= GIVEN RECORDS =

---*---

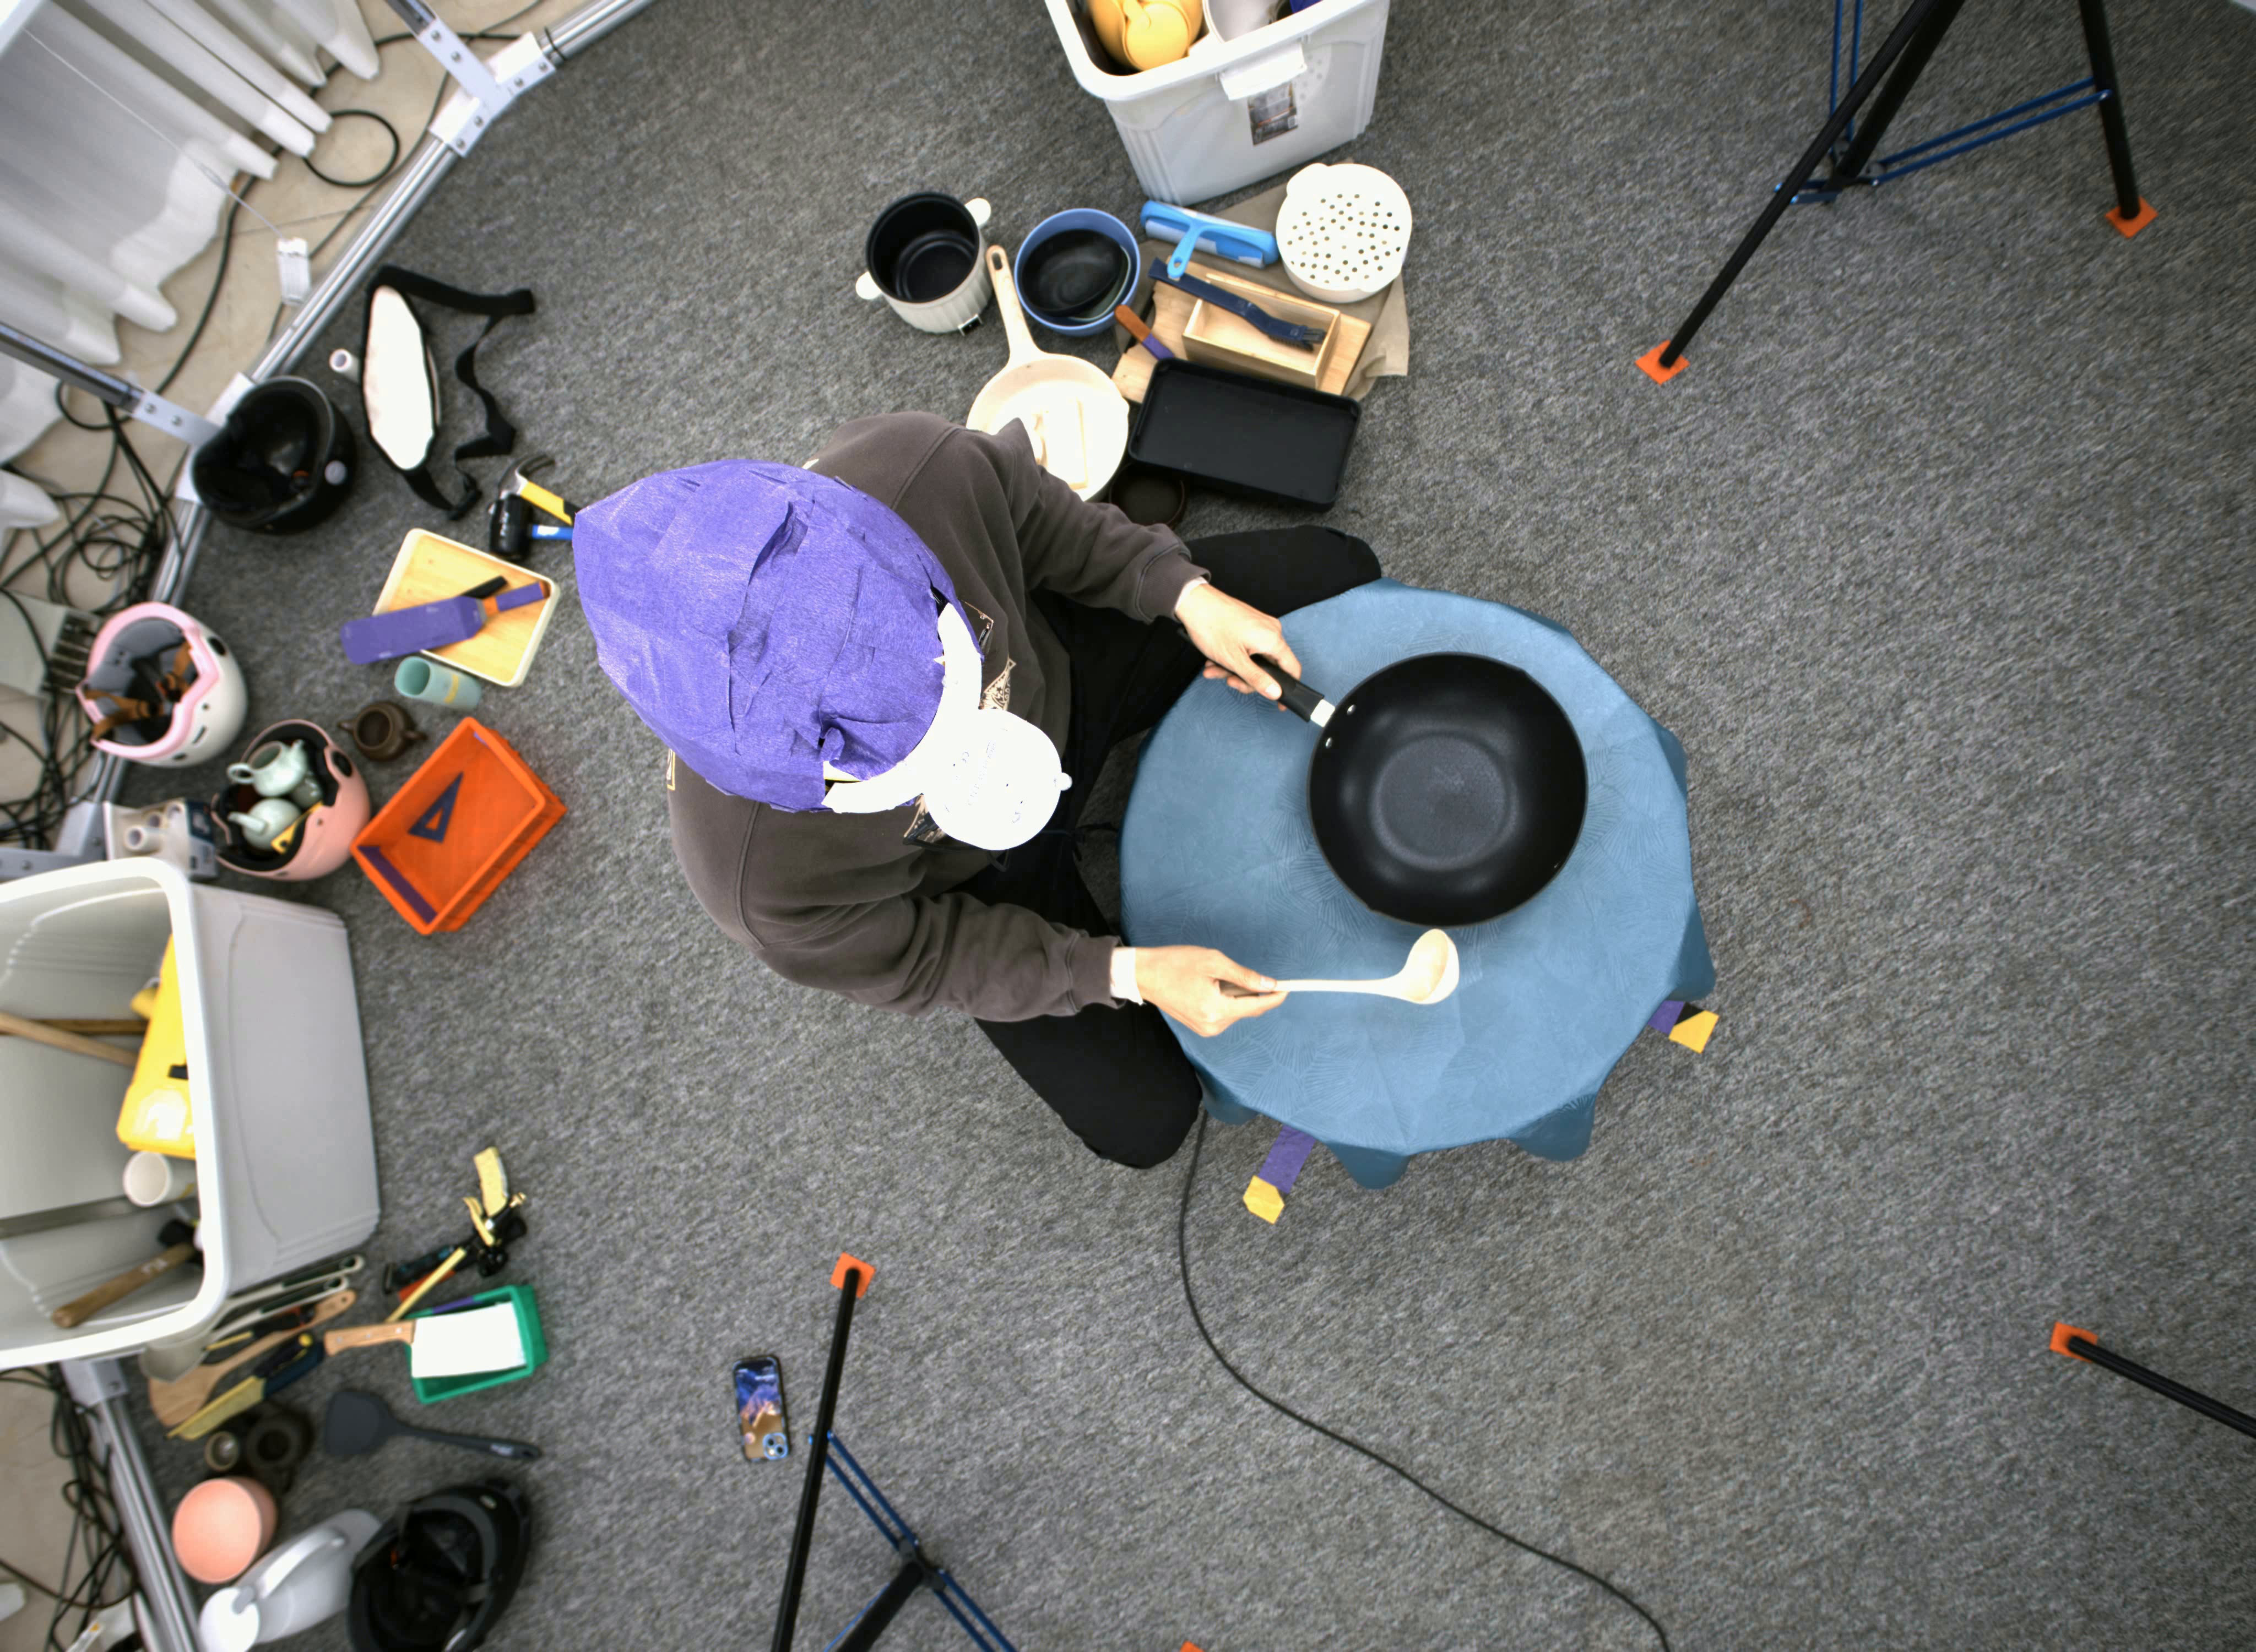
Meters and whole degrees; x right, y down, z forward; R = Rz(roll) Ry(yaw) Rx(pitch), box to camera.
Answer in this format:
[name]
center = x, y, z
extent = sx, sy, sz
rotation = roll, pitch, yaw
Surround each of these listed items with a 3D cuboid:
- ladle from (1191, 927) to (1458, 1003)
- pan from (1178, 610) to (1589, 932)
[ladle]
center = 0.188, 0.136, 1.329
extent = 0.255, 0.074, 0.070
rotation = -2, 50, -1
[pan]
center = 0.248, -0.082, 1.427
extent = 0.462, 0.087, 0.289
rotation = 34, 94, 11

---*---

= DIRECTIONS =
Reproduce the listing exactly, but keep its images out of the copy.

= OUTPUT OF THE TASK =
Meters and whole degrees; x right, y down, z forward; R = Rz(roll) Ry(yaw) Rx(pitch), box to camera.
Answer in this format:
[name]
center = x, y, z
extent = sx, sy, sz
rotation = roll, pitch, yaw
Surround each of these listed items with a 3D cuboid:
- ladle from (1191, 927) to (1458, 1003)
- pan from (1178, 610) to (1589, 932)
[ladle]
center = 0.188, 0.136, 1.329
extent = 0.255, 0.074, 0.070
rotation = -2, 50, -1
[pan]
center = 0.248, -0.082, 1.427
extent = 0.462, 0.087, 0.289
rotation = 34, 94, 11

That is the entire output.